# found weak pigeon



## mistergugu (Jul 8, 2009)

I found yesterday a weak pigeon. It was very easy to catch him as he was just standing there. 

One eye is redder and I am not sure he sees with it.

He main tummy bone is protruding a lot, possibly because he underfed and hungry.

Smelly greenish paste poop.

What do you think I can do for him. Going to the vet is out of the question.

Stefi


----------



## Kiko&Kalani (Aug 10, 2010)

Sounds like he is starving/dehydrated at the very least. Does he seem to want to eat or drink? Pedialyte is good if he is dehydrated. Do you know if there is a rescue org in your area? Where are you located? Maybe there is a member in your area that could help you out. I'm pretty sure you will need to give it antibiotics and probably a de wormer. There are other members that will probably be along soon to advise you with more details.


----------



## mistergugu (Jul 8, 2009)

Thank you for the reply. He eats with appetite and drinks without any problems. I started giving it antibiotics every 6 hours as I couldn't think of anything else to do. Otherwise he is slow and weak and has stinky poops.

I live in Bulgaria.


----------



## Kiko&Kalani (Aug 10, 2010)

What antibiotic and dosage are you using?


----------



## mistergugu (Jul 8, 2009)

amoxacilin. no clear dosage, a crape some powder off a pill and add water. I did the same thing some time ago to a cat-wounded pigeon at it worked.


----------



## Feefo (Feb 8, 2002)

Can you check how many milligrams each pill is and weigh the pigeon? Then try to give 12.5 mg for every 100 gms the pigeon weighs.


----------



## Jaye (Mar 13, 2008)

Yes, see what the pill bottle says and tell us. Also, every 6 hours is too often. So stop doing that. If you do the dosage Feefo says above, you only need to dose twice a day, every 10-12 hours. It is important to get the right dosage. 

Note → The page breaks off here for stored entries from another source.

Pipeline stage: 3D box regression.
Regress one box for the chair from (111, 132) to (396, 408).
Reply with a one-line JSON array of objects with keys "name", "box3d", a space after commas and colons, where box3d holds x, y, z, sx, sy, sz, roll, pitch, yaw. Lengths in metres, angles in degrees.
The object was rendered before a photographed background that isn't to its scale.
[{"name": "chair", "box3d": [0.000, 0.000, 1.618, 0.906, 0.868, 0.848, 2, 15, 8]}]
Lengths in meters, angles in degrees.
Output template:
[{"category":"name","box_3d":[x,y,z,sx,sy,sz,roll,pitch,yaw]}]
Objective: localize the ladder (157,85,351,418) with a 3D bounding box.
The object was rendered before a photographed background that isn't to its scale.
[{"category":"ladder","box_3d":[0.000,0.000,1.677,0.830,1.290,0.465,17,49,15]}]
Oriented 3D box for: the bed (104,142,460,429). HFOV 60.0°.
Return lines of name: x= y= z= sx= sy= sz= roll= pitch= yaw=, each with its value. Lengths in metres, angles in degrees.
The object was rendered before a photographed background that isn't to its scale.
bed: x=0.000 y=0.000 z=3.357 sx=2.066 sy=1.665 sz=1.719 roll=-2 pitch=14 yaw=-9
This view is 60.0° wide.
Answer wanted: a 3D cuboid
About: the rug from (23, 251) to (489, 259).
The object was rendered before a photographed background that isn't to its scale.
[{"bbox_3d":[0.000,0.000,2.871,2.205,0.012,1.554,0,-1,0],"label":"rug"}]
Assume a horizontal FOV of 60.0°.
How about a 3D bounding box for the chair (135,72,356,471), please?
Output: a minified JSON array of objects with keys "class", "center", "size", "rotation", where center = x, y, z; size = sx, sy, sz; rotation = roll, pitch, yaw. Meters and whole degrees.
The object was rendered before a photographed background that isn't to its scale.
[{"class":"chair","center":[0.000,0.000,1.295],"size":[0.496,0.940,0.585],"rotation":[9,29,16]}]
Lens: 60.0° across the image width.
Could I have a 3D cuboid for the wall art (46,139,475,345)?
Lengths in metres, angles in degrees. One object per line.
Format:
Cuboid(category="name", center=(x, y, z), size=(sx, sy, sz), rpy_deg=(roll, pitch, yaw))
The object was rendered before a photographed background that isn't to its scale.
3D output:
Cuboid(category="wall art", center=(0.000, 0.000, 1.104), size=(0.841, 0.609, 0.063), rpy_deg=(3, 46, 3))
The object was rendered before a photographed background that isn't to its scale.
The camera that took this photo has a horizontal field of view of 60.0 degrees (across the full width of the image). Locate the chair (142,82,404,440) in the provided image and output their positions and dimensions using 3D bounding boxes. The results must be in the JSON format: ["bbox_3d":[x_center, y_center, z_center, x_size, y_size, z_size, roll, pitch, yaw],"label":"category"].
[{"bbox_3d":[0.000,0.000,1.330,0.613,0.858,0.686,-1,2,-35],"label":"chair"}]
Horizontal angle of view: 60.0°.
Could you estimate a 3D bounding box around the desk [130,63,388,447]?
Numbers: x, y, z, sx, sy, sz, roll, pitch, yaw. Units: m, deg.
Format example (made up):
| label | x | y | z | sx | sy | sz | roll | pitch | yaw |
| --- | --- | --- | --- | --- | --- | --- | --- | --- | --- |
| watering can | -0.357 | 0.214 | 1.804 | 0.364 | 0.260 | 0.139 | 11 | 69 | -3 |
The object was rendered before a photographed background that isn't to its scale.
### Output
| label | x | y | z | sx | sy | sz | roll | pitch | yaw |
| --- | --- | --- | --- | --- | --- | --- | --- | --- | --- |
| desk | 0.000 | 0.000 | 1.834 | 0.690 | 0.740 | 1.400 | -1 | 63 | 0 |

~ The food and water are good. Keep her/him in a very warm and quiet place too.

~ Also, pick her up in a towel and open her mouth...see if you see anything inside the mouth such as white or yellow growths/dots, or mucous. let us know.

~ Also...is there ANY sign of external injury such as blood, scratches, missing feathers, scrapes ?

~ Can you post a photo ? Go to "Go advanced" button, click it, then on the next screen go to "attachments" button.

Thank you for saving him/her !


----------



## mistergugu (Jul 8, 2009)

Thank you so much for answering. Well, I have amoxacilin tablets for humans of 500mg each. I can't weigh the pigeon but I would say about 200g, seems pretty light to me. So that would mean about 1/10th of a tablet every 10hours. 

I looked inside the mouth, all pretty and pink.

No sign of external injury. 

Just that it is weak and pretty much stinks like bad pigeon poops. Not only the poops, the pigeon itself stinks like it. I don't know if it is because we found it in a bigger town and he has never taken a bath in his lifetime or is it just because he's sick. He just had his second warm gentle shower. Anything else I can wash him with?

He's in a warm and quiet place.


----------



## mistergugu (Jul 8, 2009)

I'm just reading about emaciation: this is something that I was trying to explain but couldn't: 



> Breast musculature should be rounded and, with most species, reach the top of the keel bone. Although you can always palpate the keel (leading edge of the breast bone) in a bird that is flying and within its normal weight range, these muscles will feel full and well-developed; in a bird that is starving, these muscles waste away to varying degrees, leaving the keel very prominent. A 'knife-edge' or 'razor' keel is, like it sounds, when you can actually pinch the keel, feeling bone with the pads of your fingers.


so he is very much starving. I can feel that bone VERY prominent.


----------



## mistergugu (Jul 8, 2009)

One more question:



> Smelly poop' can be from many things, most of which have to do with Bacterial or Parasties or micro-organsism or Yeast problems in the digestive system.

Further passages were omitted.